Into Uncharted Territory Beethoven’s Piano Trios
Har r y Haskell
An offspring of the Baroque trio sonata, the piano trio— usually denoting a work for piano, violin, and cello—was still in its infancy when Beethoven penned his first essay in the genre around 1791. Although he declined to assign an opus number to the early Trio in E-flat major (which would be published posthumously in 1830), the composer reportedly considered it “one of his worthiest experiments in the art of composition.” A celebrated concert pianist, Beethoven had mixed motives as a composer: his piano trios were designed both to showcase his own virtuosity and to experiment with musical forms and techniques that would bear fruit in other genres. In adopting the four-movement format associated with the symphony and string quartet, for instance, he distanced himself from the three-movement piano trios of Haydn and Mozart.
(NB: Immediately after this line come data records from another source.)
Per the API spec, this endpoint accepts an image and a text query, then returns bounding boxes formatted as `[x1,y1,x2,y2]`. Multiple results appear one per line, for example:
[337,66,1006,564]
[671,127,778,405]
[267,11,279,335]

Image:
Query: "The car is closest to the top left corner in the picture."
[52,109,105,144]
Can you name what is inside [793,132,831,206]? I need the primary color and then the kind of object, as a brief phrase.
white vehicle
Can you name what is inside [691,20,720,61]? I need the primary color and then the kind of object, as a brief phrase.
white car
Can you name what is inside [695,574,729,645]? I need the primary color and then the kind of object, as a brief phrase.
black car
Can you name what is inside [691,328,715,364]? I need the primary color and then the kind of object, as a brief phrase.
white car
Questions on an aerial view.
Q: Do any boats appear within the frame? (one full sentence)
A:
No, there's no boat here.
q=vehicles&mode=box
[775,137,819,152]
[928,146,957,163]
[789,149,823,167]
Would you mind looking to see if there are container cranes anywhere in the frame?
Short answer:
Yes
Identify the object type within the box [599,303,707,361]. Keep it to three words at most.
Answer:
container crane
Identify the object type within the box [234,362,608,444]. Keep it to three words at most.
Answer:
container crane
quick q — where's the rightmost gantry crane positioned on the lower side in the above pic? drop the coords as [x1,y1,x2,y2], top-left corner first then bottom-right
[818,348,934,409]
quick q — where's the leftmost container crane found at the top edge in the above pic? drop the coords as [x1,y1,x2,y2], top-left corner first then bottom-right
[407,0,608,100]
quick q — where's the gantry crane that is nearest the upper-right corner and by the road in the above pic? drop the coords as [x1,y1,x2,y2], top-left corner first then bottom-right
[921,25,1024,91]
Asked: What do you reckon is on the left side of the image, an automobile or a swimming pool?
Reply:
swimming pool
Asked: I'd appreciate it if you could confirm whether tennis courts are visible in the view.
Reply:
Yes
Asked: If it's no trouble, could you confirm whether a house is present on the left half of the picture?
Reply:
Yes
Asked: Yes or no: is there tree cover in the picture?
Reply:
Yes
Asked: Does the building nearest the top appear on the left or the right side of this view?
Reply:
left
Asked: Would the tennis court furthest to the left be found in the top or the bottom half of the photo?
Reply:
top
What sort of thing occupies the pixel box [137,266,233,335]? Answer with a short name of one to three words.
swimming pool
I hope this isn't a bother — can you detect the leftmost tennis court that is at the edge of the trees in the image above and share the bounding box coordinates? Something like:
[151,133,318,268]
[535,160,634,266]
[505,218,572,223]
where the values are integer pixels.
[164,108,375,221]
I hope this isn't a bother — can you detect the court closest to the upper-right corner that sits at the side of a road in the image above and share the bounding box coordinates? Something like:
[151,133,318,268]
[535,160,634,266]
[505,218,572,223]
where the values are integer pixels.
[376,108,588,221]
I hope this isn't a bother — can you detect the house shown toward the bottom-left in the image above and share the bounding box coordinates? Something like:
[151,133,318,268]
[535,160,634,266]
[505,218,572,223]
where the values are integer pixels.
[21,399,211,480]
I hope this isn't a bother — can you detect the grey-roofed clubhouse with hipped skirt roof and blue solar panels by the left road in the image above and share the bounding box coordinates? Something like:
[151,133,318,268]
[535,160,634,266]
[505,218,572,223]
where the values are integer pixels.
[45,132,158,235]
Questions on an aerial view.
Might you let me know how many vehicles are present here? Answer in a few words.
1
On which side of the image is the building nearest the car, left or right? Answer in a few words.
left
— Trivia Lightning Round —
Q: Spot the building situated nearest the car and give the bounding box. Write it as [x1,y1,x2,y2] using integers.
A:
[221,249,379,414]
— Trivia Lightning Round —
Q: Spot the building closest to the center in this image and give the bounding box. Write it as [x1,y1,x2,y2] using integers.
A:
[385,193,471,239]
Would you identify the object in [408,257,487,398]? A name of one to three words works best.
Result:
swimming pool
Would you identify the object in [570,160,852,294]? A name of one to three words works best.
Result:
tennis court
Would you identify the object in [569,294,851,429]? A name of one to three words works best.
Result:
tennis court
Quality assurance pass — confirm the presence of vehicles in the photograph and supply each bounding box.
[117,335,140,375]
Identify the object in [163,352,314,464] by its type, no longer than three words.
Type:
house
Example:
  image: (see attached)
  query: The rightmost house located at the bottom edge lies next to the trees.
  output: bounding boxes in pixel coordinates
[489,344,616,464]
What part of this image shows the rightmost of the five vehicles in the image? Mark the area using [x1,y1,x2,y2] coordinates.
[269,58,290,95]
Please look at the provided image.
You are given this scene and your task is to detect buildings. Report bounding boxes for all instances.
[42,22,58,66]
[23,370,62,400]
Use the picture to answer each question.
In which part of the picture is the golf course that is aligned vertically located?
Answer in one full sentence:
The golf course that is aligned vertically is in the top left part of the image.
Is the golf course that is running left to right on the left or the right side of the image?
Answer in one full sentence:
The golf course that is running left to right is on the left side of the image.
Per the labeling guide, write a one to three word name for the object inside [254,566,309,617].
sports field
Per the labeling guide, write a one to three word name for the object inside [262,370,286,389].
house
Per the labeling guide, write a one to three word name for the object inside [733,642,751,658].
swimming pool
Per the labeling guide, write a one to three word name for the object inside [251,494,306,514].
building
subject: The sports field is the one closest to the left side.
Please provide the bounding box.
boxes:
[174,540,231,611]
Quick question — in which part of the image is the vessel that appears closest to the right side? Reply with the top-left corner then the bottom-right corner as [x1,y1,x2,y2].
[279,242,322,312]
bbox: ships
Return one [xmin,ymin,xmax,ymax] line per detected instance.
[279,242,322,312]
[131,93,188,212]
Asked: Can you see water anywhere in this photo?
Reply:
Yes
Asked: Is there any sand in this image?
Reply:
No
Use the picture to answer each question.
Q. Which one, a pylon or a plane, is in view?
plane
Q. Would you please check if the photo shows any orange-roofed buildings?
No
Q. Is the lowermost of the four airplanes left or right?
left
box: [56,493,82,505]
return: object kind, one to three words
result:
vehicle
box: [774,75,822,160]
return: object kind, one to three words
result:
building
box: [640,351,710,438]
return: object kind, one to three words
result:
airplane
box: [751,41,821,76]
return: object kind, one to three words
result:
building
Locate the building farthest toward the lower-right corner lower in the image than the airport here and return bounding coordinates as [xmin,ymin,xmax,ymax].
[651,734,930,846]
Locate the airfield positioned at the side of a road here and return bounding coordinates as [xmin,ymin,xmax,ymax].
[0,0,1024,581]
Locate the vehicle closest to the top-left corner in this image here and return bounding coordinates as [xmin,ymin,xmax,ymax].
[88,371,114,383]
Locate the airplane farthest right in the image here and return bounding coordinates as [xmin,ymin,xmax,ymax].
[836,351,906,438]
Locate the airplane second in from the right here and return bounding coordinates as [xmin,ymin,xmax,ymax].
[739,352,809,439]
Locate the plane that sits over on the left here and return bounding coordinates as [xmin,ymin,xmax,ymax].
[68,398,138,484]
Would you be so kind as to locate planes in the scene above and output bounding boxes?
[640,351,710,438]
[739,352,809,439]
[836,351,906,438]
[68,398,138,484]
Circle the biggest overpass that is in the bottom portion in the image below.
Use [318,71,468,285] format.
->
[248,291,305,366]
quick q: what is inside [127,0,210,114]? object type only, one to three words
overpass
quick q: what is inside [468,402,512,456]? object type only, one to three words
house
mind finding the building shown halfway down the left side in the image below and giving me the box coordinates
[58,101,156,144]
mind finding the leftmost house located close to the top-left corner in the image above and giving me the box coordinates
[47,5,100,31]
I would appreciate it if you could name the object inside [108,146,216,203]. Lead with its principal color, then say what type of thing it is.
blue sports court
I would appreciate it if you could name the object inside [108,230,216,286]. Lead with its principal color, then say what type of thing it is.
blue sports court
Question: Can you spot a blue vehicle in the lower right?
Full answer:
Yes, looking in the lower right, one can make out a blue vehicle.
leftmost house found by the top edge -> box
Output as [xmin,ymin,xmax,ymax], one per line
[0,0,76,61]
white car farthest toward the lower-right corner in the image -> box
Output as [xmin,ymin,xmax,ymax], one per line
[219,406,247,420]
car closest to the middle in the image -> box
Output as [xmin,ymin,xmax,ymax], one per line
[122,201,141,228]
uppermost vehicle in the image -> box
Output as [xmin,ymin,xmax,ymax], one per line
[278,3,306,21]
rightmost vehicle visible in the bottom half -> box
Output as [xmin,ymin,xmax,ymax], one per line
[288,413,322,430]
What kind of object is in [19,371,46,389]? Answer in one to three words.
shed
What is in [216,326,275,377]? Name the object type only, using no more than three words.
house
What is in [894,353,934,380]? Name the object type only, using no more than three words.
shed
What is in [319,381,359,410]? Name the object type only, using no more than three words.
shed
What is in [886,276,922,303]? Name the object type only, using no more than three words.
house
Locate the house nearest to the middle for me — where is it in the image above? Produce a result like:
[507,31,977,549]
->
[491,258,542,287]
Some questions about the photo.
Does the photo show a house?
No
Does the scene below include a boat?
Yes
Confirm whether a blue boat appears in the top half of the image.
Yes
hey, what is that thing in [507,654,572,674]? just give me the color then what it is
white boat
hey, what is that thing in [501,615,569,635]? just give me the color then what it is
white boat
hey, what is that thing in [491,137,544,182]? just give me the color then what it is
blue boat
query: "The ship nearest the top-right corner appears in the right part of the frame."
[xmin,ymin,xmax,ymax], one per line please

Equally significant was the increasing independence that Beethoven awarded to the three instruments. That his three Op. 1 trios of 1795 still privileged the keyboard was signaled by the first edition’s title page, which billed them as “composed for the piano,” with “violin and violoncello” printed below in lighter, less conspicuous type. Between then and 1816, when he bade farewell to the genre with the effervescent “Kakadu” Variations—probably composed as early as 1802–3 and revised more than ten years later—, Beethoven took the piano trio into uncharted territory, placing ever-greater demands on listeners as well as performers.